* [Records drawn from a dataset]
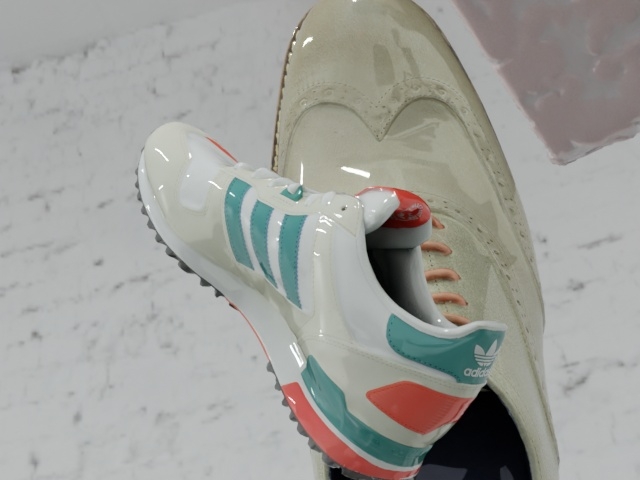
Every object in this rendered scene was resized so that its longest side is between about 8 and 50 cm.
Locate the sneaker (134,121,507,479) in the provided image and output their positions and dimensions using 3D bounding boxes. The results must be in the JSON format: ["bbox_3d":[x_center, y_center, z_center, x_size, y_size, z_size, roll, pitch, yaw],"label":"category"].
[{"bbox_3d":[0.000,0.000,0.346,0.057,0.161,0.075,8,-53,-52],"label":"sneaker"}]

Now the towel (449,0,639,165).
[{"bbox_3d":[0.222,-0.227,0.626,0.332,0.053,0.317,-24,-61,31],"label":"towel"}]

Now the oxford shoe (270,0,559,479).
[{"bbox_3d":[0.051,0.035,0.483,0.140,0.397,0.146,-10,-18,0],"label":"oxford shoe"}]

* [What to do]
The entries above must be restated exactly in the answer, and the pictures left out.

* [Answer space]
Every object in this rendered scene was resized so that its longest side is between about 8 and 50 cm.
Locate the sneaker (134,121,507,479) in the provided image and output their positions and dimensions using 3D bounding boxes. The results must be in the JSON format: ["bbox_3d":[x_center, y_center, z_center, x_size, y_size, z_size, roll, pitch, yaw],"label":"category"].
[{"bbox_3d":[0.000,0.000,0.346,0.057,0.161,0.075,8,-53,-52],"label":"sneaker"}]

Now the towel (449,0,639,165).
[{"bbox_3d":[0.222,-0.227,0.626,0.332,0.053,0.317,-24,-61,31],"label":"towel"}]

Now the oxford shoe (270,0,559,479).
[{"bbox_3d":[0.051,0.035,0.483,0.140,0.397,0.146,-10,-18,0],"label":"oxford shoe"}]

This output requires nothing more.